**GOAL OF THE EXERCISE**
Go through the records and copy each line where the string "pitch" occurs.
+++ GIVEN DATA +++
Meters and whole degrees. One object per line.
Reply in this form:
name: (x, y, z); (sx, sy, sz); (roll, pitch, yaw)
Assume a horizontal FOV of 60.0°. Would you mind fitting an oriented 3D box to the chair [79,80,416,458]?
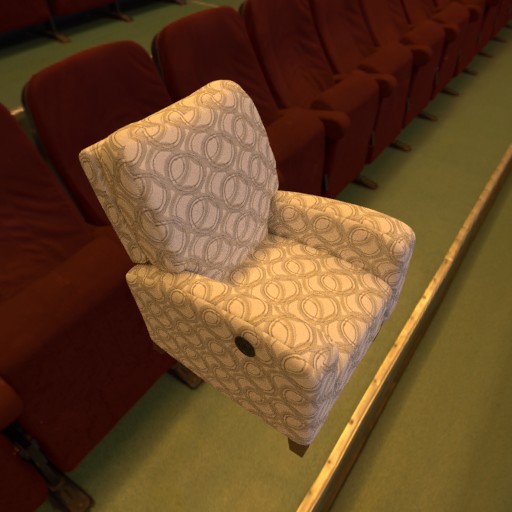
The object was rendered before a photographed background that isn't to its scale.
chair: (0.000, 0.000, 1.726); (0.995, 1.065, 0.796); (25, 48, 25)
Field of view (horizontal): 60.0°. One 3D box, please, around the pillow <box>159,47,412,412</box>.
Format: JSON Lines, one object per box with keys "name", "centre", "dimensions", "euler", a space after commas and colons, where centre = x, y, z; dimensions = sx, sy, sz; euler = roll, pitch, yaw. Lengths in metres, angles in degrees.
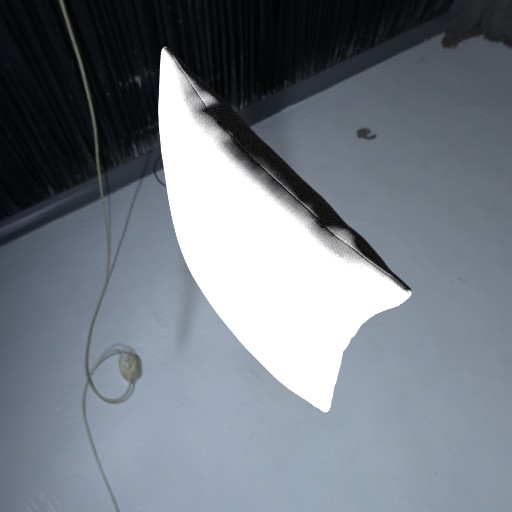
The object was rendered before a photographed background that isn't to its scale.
+++
**TASK OUTPUT**
name: (x, y, z); (sx, sy, sz); (roll, pitch, yaw)
Format: JSON Lines, one object per box with keys "name", "centre", "dimensions", "euler", a space after commas and colons, where centre = x, y, z; dimensions = sx, sy, sz; euler = roll, pitch, yaw. Lengths in metres, angles in degrees.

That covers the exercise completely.